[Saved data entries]
[Start of section]

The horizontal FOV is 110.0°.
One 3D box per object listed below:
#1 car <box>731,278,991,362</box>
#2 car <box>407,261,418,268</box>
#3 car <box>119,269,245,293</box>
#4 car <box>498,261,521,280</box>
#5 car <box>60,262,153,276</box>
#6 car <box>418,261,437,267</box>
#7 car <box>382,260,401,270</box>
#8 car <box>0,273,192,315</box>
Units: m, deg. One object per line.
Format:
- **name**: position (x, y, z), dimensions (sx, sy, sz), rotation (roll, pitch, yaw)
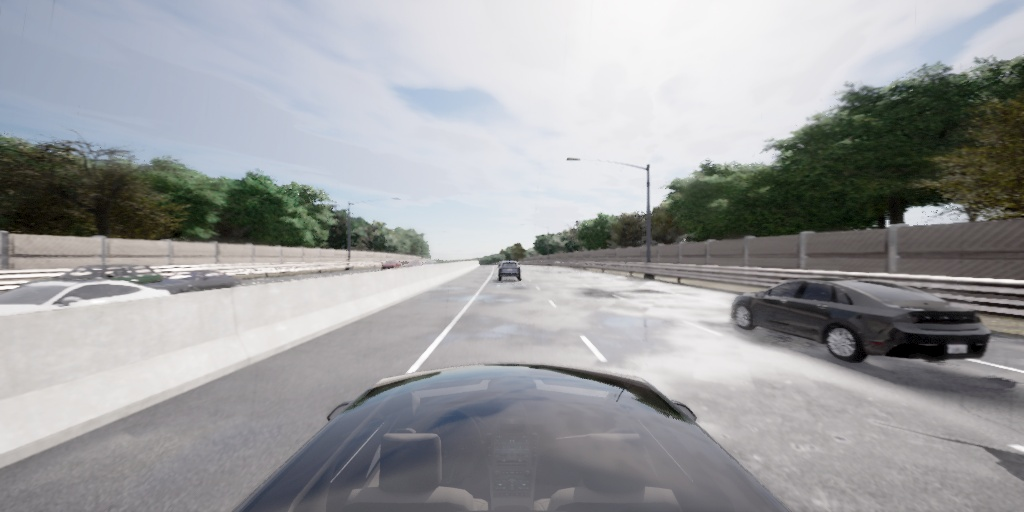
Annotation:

[End of section]

**Task to complete:** If a line in the records above has the word "object", copy it out.

**The answer:**
One 3D box per object listed below:
Units: m, deg. One object per line.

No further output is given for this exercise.